• _WORK TO BE COMPLETED_
Would you please transcribe the data in full and exactly, excluding images?
======== DATA FOR ANALYSIS
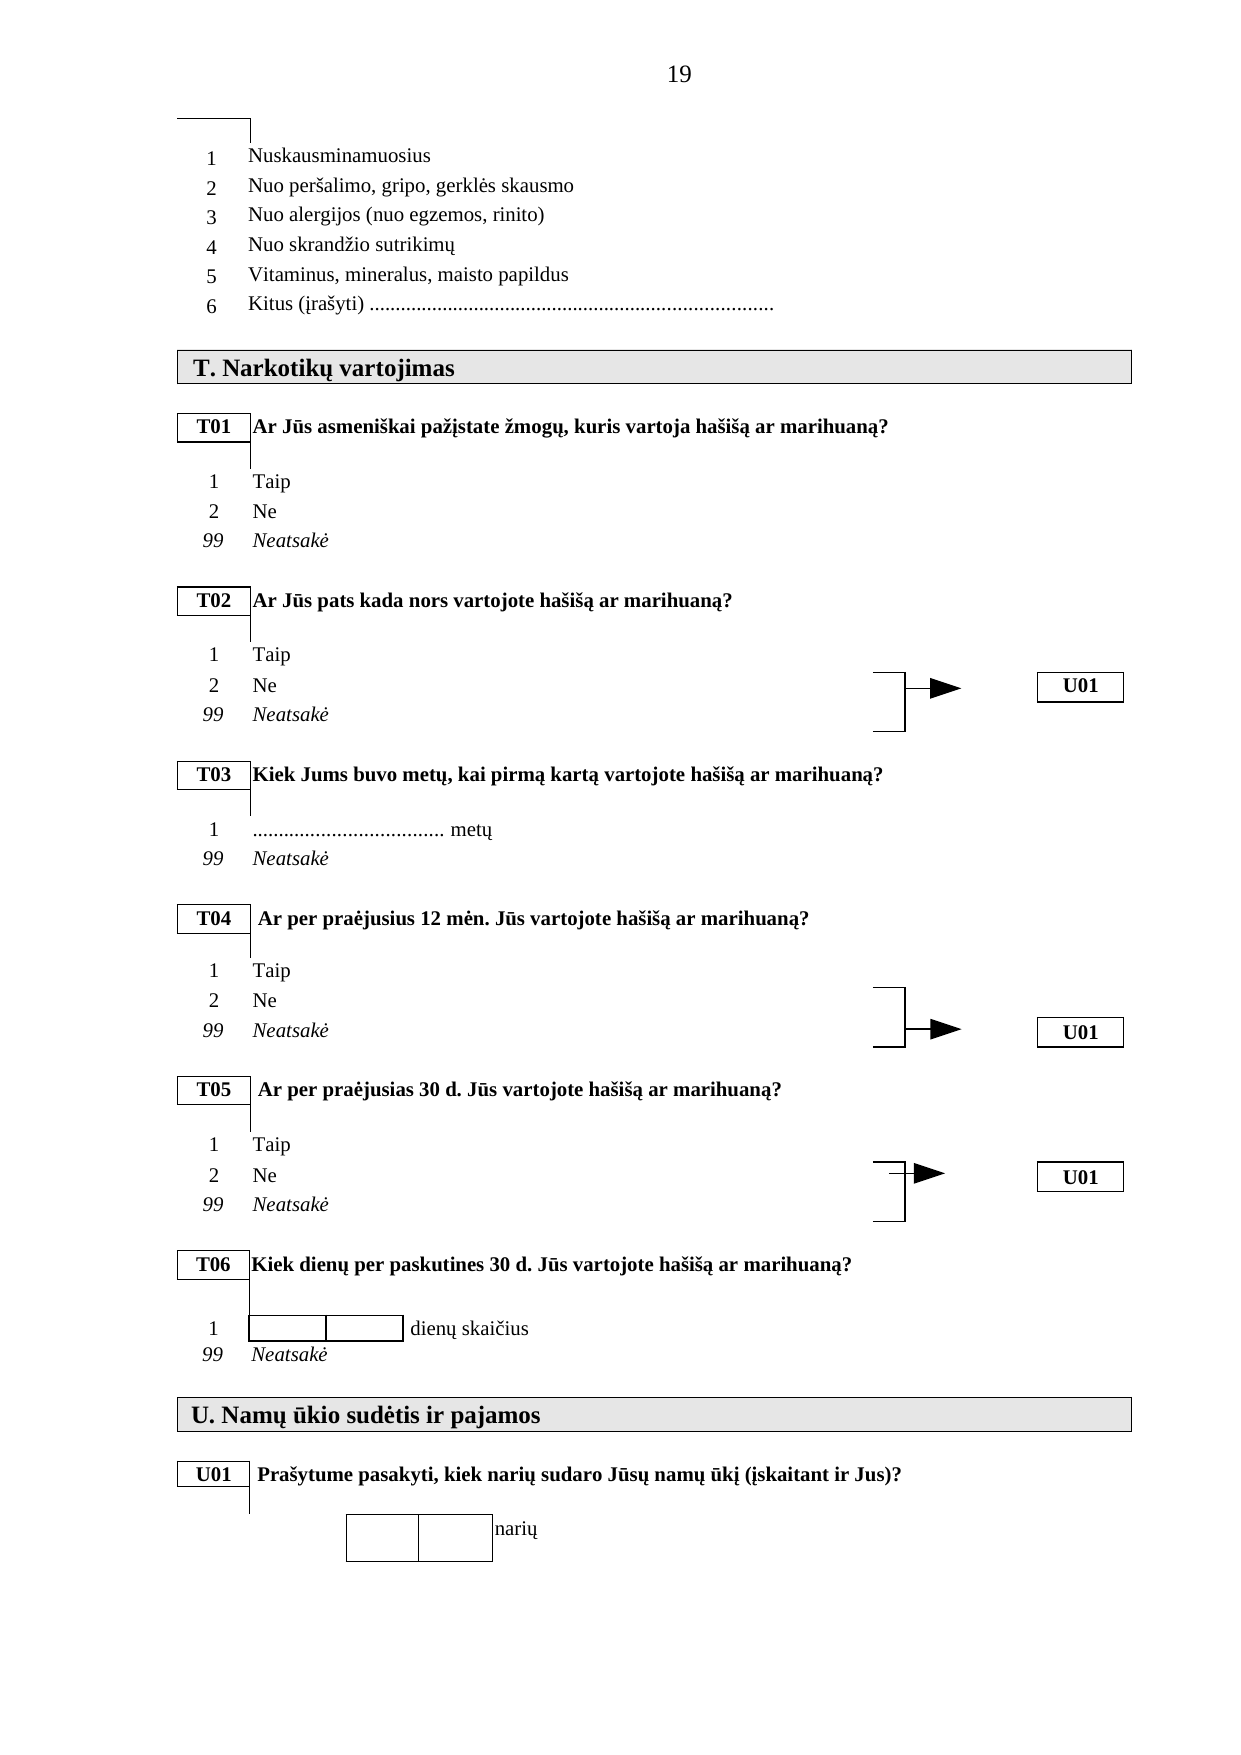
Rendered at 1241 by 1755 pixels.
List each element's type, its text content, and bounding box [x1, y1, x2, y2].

text T. Narkotikų vartojimas [178, 351, 1131, 383]
table_cell Taip [250, 958, 905, 987]
table_header T02 [178, 588, 250, 614]
table_cell U01 [1038, 1163, 1123, 1191]
table_cell Nuo peršalimo, gripo, gerklės skausmo [246, 173, 1126, 202]
table_cell [1124, 1161, 1181, 1191]
table_header Kiek Jums buvo metų, kai pirmą kartą vartojote hašišą ar marihuaną? [251, 761, 1181, 816]
table_cell [177, 1105, 250, 1132]
table_cell [177, 1514, 250, 1561]
table_header Kiek dienų per paskutines 30 d. Jūs vartojote hašišą ar marihuaną? [250, 1250, 1181, 1314]
table_cell Neatsakė [250, 528, 1181, 558]
table_header Ar per praėjusius 12 mėn. Jūs vartojote hašišą ar marihuaną? [251, 904, 1181, 958]
table_cell [177, 790, 250, 816]
table_cell 1 [177, 469, 250, 498]
table_cell [1126, 143, 1181, 173]
table_cell [873, 1163, 904, 1191]
table_cell Vitaminus, mineralus, maisto papildus [246, 262, 1126, 291]
table_cell [905, 958, 1095, 987]
table_cell [905, 642, 1037, 672]
table_cell [1019, 1340, 1181, 1368]
table_cell U01 [1038, 673, 1123, 701]
table_cell [1126, 232, 1181, 262]
table_cell Neatsakė [250, 701, 873, 731]
table_cell [327, 1316, 402, 1340]
table_cell [906, 987, 1095, 1017]
table_header Ar Jūs pats kada nors vartojote hašišą ar marihuaną? [251, 586, 1181, 642]
table_cell [1124, 672, 1181, 701]
table_cell [177, 119, 250, 143]
table_cell [177, 616, 250, 642]
table_cell 1 [177, 958, 250, 987]
table_header [251, 118, 1181, 143]
table_cell Ne [250, 987, 873, 1017]
table_cell 1 [177, 1315, 248, 1340]
table_cell 4 [177, 232, 246, 262]
table_cell [250, 1316, 325, 1340]
table_header T04 [178, 905, 250, 932]
table_cell 99 [177, 1017, 250, 1046]
table_cell Neatsakė [249, 1340, 861, 1368]
table_cell Nuo skrandžio sutrikimų [246, 232, 1126, 262]
table_cell 6 [177, 291, 246, 321]
table_cell [1095, 1132, 1181, 1161]
table_cell 2 [177, 499, 250, 528]
table_cell [1126, 173, 1181, 202]
table_cell Nuo alergijos (nuo egzemos, rinito) [246, 203, 1126, 232]
table_header T01 [178, 414, 250, 441]
table_cell [906, 701, 1037, 731]
table_cell [1126, 203, 1181, 232]
table_cell [347, 1515, 418, 1561]
table_cell 5 [177, 262, 246, 291]
table_cell Taip [250, 642, 905, 672]
table_cell [1124, 1017, 1181, 1046]
table_cell [1095, 1191, 1181, 1221]
table_cell [1038, 642, 1181, 672]
table_cell [177, 1280, 249, 1314]
table_header Ar per praėjusias 30 d. Jūs vartojote hašišą ar marihuaną? [251, 1076, 1181, 1132]
table_cell Nuskausminamuosius [246, 143, 1126, 173]
table_cell 99 [177, 1191, 250, 1221]
table_cell [1095, 987, 1181, 1017]
table_header T05 [178, 1077, 250, 1104]
table_cell 1 [177, 143, 246, 173]
table_cell Ne [250, 672, 873, 701]
table_cell [905, 1132, 1095, 1161]
table_header Prašytume pasakyti, kiek narių sudaro Jūsų namų ūkį (įskaitant ir Jus)? [250, 1461, 1181, 1514]
table_cell . metų [250, 816, 1181, 846]
table_cell 99 [177, 846, 250, 876]
table_cell 99 [177, 528, 250, 558]
table_cell [906, 672, 1037, 701]
table_cell Neatsakė [250, 1017, 873, 1046]
table_cell [1019, 1315, 1181, 1340]
table_header T03 [178, 762, 250, 789]
table_header U01 [178, 1462, 249, 1486]
table_cell 1 [177, 642, 250, 672]
table_cell [873, 1017, 904, 1046]
table_cell 2 [177, 173, 246, 202]
table_cell 2 [177, 987, 250, 1017]
table_cell [177, 443, 250, 469]
table_cell [419, 1515, 492, 1561]
table_cell Ne [250, 1161, 873, 1191]
table_cell [177, 934, 250, 958]
table_cell 3 [177, 203, 246, 232]
table_cell U01 [1038, 1018, 1123, 1046]
table_cell Kitus (įrašyti) [246, 291, 1181, 321]
table_header T06 [178, 1251, 249, 1278]
table_cell 1 [177, 1132, 250, 1161]
table_cell Neatsakė [250, 846, 1181, 876]
table_cell Neatsakė [250, 1191, 873, 1221]
table_cell [906, 1191, 1095, 1221]
table_cell [890, 1340, 1019, 1368]
table_cell [906, 1161, 1037, 1191]
table_cell [250, 1514, 346, 1561]
table_cell Taip [250, 469, 1181, 498]
table_cell dienų skaičius [404, 1315, 1019, 1340]
table_cell [873, 701, 904, 731]
table_cell 1 [177, 816, 250, 846]
table_cell [873, 988, 904, 1017]
table_cell [873, 673, 904, 701]
table_cell [1095, 958, 1181, 987]
table_cell narių [493, 1514, 1181, 1561]
table_cell Ne [250, 499, 1181, 528]
table_cell 99 [177, 701, 250, 731]
table_cell [177, 1487, 249, 1514]
table_cell [1126, 262, 1181, 291]
table_cell [861, 1340, 890, 1368]
table_cell [906, 1017, 1037, 1046]
table_cell [873, 1191, 904, 1221]
table_cell Taip [250, 1132, 905, 1161]
table_cell 99 [177, 1340, 249, 1368]
table_cell 2 [177, 1161, 250, 1191]
table_header Ar Jūs asmeniškai pažįstate žmogų, kuris vartoja hašišą ar marihuaną? [251, 413, 1181, 469]
table_cell [1038, 701, 1181, 731]
text U. Namų ūkio sudėtis ir pajamos [178, 1398, 1131, 1431]
table_cell 2 [177, 672, 250, 701]
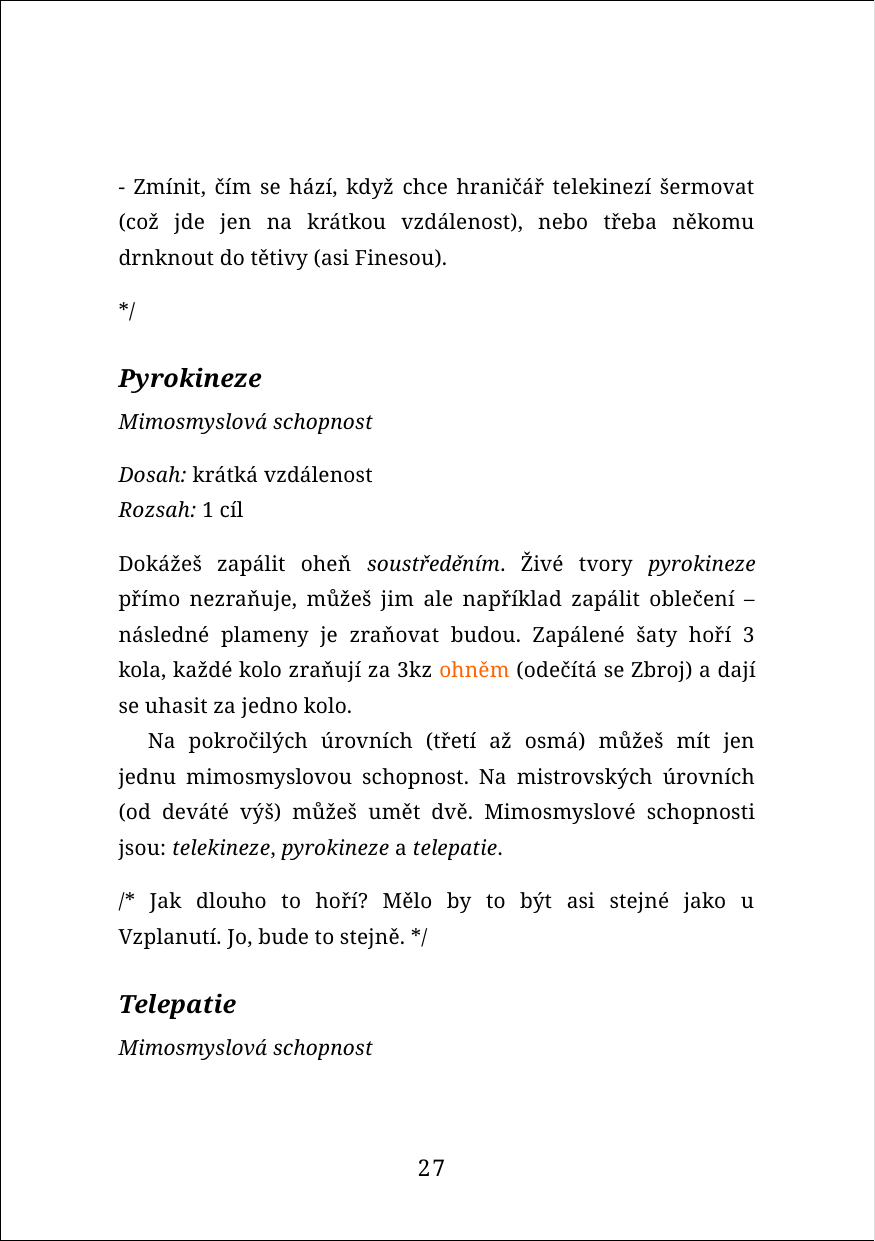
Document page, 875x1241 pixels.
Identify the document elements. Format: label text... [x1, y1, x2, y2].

text */ [118, 296, 756, 324]
text Mimosmyslová schopnost [118, 407, 756, 435]
text Mimosmyslová schopnost [118, 1033, 756, 1061]
subtitle Pyrokineze [118, 361, 756, 395]
subtitle Telepatie [118, 987, 756, 1021]
text - Zmínit, čím se hází, když chce hraničář telekinezí šermovat (což jde jen na krátkou vzdálenost), nebo třeba někomu drnknout do tětivy (asi Finesou). [118, 172, 756, 271]
text Dosah: krátká vzdálenost Rozsah: 1 cíl [118, 460, 756, 524]
text Dokážeš zapálit oheň soustředěním. Živé tvory pyrokineze přímo nezraňuje, můžeš jim ale například zapálit oblečení – následné plameny je zraňovat budou. Zapálené šaty hoří 3 kola, každé kolo zraňují za 3kz ohněm (odečítá se Zbroj) a dají se uhasit za jedno kolo. Na pokročilých úrovních (třetí až osmá) můžeš mít jen jednu mimosmyslovou schopnost. Na mistrovských úrovních (od deváté výš) můžeš umět dvě. Mimosmyslové schopnosti jsou: telekineze, pyrokineze a telepatie. [118, 549, 756, 861]
text /* Jak dlouho to hoří? Mělo by to být asi stejné jako u Vzplanutí. Jo, bude to stejně. */ [118, 886, 756, 950]
================
• _RESULT OF THE EXERCISE_
Rendered at 1241 by 1755 pixels.
List each element's type, its text content, and bounding box [x1, y1, x2, y2].

text T. Narkotikų vartojimas [178, 351, 1131, 383]
table_cell Taip [250, 958, 905, 987]
table_header T02 [178, 588, 250, 614]
table_cell U01 [1038, 1163, 1123, 1191]
table_cell Nuo peršalimo, gripo, gerklės skausmo [246, 173, 1126, 202]
table_cell [1124, 1161, 1181, 1191]
table_header Kiek Jums buvo metų, kai pirmą kartą vartojote hašišą ar marihuaną? [251, 761, 1181, 816]
table_cell [177, 1105, 250, 1132]
table_cell [177, 1514, 250, 1561]
table_header Kiek dienų per paskutines 30 d. Jūs vartojote hašišą ar marihuaną? [250, 1250, 1181, 1314]
table_cell Neatsakė [250, 528, 1181, 558]
table_header Ar per praėjusius 12 mėn. Jūs vartojote hašišą ar marihuaną? [251, 904, 1181, 958]
table_cell [177, 790, 250, 816]
table_cell 1 [177, 469, 250, 498]
table_cell [1126, 143, 1181, 173]
table_cell [873, 1163, 904, 1191]
table_cell Vitaminus, mineralus, maisto papildus [246, 262, 1126, 291]
table_cell [905, 958, 1095, 987]
table_cell [905, 642, 1037, 672]
table_cell [1019, 1340, 1181, 1368]
table_cell U01 [1038, 673, 1123, 701]
table_cell [1126, 232, 1181, 262]
table_cell Neatsakė [250, 701, 873, 731]
table_cell [327, 1316, 402, 1340]
table_cell [906, 987, 1095, 1017]
table_header Ar Jūs pats kada nors vartojote hašišą ar marihuaną? [251, 586, 1181, 642]
table_cell [1124, 672, 1181, 701]
table_cell [177, 119, 250, 143]
table_cell [177, 616, 250, 642]
table_cell 1 [177, 958, 250, 987]
table_header [251, 118, 1181, 143]
table_cell Ne [250, 987, 873, 1017]
table_cell 1 [177, 1315, 248, 1340]
table_cell 4 [177, 232, 246, 262]
table_cell [250, 1316, 325, 1340]
table_header T04 [178, 905, 250, 932]
table_cell 99 [177, 1017, 250, 1046]
table_cell Neatsakė [249, 1340, 861, 1368]
table_cell Nuo skrandžio sutrikimų [246, 232, 1126, 262]
table_cell 6 [177, 291, 246, 321]
table_cell [1095, 1132, 1181, 1161]
table_cell 2 [177, 499, 250, 528]
table_cell [1126, 173, 1181, 202]
table_cell Nuo alergijos (nuo egzemos, rinito) [246, 203, 1126, 232]
table_header T01 [178, 414, 250, 441]
table_cell [906, 701, 1037, 731]
table_cell [1126, 203, 1181, 232]
table_cell [347, 1515, 418, 1561]
table_cell 5 [177, 262, 246, 291]
table_cell Taip [250, 642, 905, 672]
table_cell [1124, 1017, 1181, 1046]
table_cell [1095, 1191, 1181, 1221]
table_cell [1038, 642, 1181, 672]
table_cell [177, 1280, 249, 1314]
table_header Ar per praėjusias 30 d. Jūs vartojote hašišą ar marihuaną? [251, 1076, 1181, 1132]
table_cell Nuskausminamuosius [246, 143, 1126, 173]
table_cell 99 [177, 1191, 250, 1221]
table_cell [1095, 987, 1181, 1017]
table_header T05 [178, 1077, 250, 1104]
table_cell 1 [177, 143, 246, 173]
table_cell Ne [250, 672, 873, 701]
table_cell [905, 1132, 1095, 1161]
table_header Prašytume pasakyti, kiek narių sudaro Jūsų namų ūkį (įskaitant ir Jus)? [250, 1461, 1181, 1514]
table_cell . metų [250, 816, 1181, 846]
table_cell 99 [177, 846, 250, 876]
table_cell 99 [177, 528, 250, 558]
table_cell [906, 672, 1037, 701]
table_cell Neatsakė [250, 1017, 873, 1046]
table_cell [1019, 1315, 1181, 1340]
table_header T03 [178, 762, 250, 789]
table_header U01 [178, 1462, 249, 1486]
table_cell 1 [177, 642, 250, 672]
table_cell [873, 1017, 904, 1046]
table_cell 2 [177, 173, 246, 202]
table_cell 2 [177, 987, 250, 1017]
table_cell [177, 443, 250, 469]
table_cell [419, 1515, 492, 1561]
table_cell Ne [250, 1161, 873, 1191]
table_cell [177, 934, 250, 958]
table_cell 3 [177, 203, 246, 232]
table_cell U01 [1038, 1018, 1123, 1046]
table_cell Kitus (įrašyti) [246, 291, 1181, 321]
table_header T06 [178, 1251, 249, 1278]
table_cell 1 [177, 1132, 250, 1161]
table_cell Neatsakė [250, 846, 1181, 876]
table_cell Neatsakė [250, 1191, 873, 1221]
table_cell [906, 1191, 1095, 1221]
table_cell [890, 1340, 1019, 1368]
table_cell [906, 1161, 1037, 1191]
table_cell [250, 1514, 346, 1561]
table_cell Taip [250, 469, 1181, 498]
table_cell dienų skaičius [404, 1315, 1019, 1340]
table_cell [873, 701, 904, 731]
table_cell 1 [177, 816, 250, 846]
table_cell [873, 988, 904, 1017]
table_cell [873, 673, 904, 701]
table_cell [1095, 958, 1181, 987]
table_cell narių [493, 1514, 1181, 1561]
table_cell Ne [250, 499, 1181, 528]
table_cell 99 [177, 701, 250, 731]
table_cell [177, 1487, 249, 1514]
table_cell [1126, 262, 1181, 291]
table_cell [861, 1340, 890, 1368]
table_cell [906, 1017, 1037, 1046]
table_cell [873, 1191, 904, 1221]
table_cell Taip [250, 1132, 905, 1161]
table_cell 99 [177, 1340, 249, 1368]
table_cell 2 [177, 1161, 250, 1191]
table_header Ar Jūs asmeniškai pažįstate žmogų, kuris vartoja hašišą ar marihuaną? [251, 413, 1181, 469]
table_cell [1038, 701, 1181, 731]
text U. Namų ūkio sudėtis ir pajamos [178, 1398, 1131, 1431]
table_cell 2 [177, 672, 250, 701]
Document page, 875x1241 pixels.
Identify the document elements. Format: label text... [x1, y1, x2, y2].

text */ [118, 296, 756, 324]
text Mimosmyslová schopnost [118, 407, 756, 435]
text Mimosmyslová schopnost [118, 1033, 756, 1061]
subtitle Pyrokineze [118, 361, 756, 395]
subtitle Telepatie [118, 987, 756, 1021]
text - Zmínit, čím se hází, když chce hraničář telekinezí šermovat (což jde jen na krátkou vzdálenost), nebo třeba někomu drnknout do tětivy (asi Finesou). [118, 172, 756, 271]
text Dosah: krátká vzdálenost Rozsah: 1 cíl [118, 460, 756, 524]
text Dokážeš zapálit oheň soustředěním. Živé tvory pyrokineze přímo nezraňuje, můžeš jim ale například zapálit oblečení – následné plameny je zraňovat budou. Zapálené šaty hoří 3 kola, každé kolo zraňují za 3kz ohněm (odečítá se Zbroj) a dají se uhasit za jedno kolo. Na pokročilých úrovních (třetí až osmá) můžeš mít jen jednu mimosmyslovou schopnost. Na mistrovských úrovních (od deváté výš) můžeš umět dvě. Mimosmyslové schopnosti jsou: telekineze, pyrokineze a telepatie. [118, 549, 756, 861]
text /* Jak dlouho to hoří? Mělo by to být asi stejné jako u Vzplanutí. Jo, bude to stejně. */ [118, 886, 756, 950]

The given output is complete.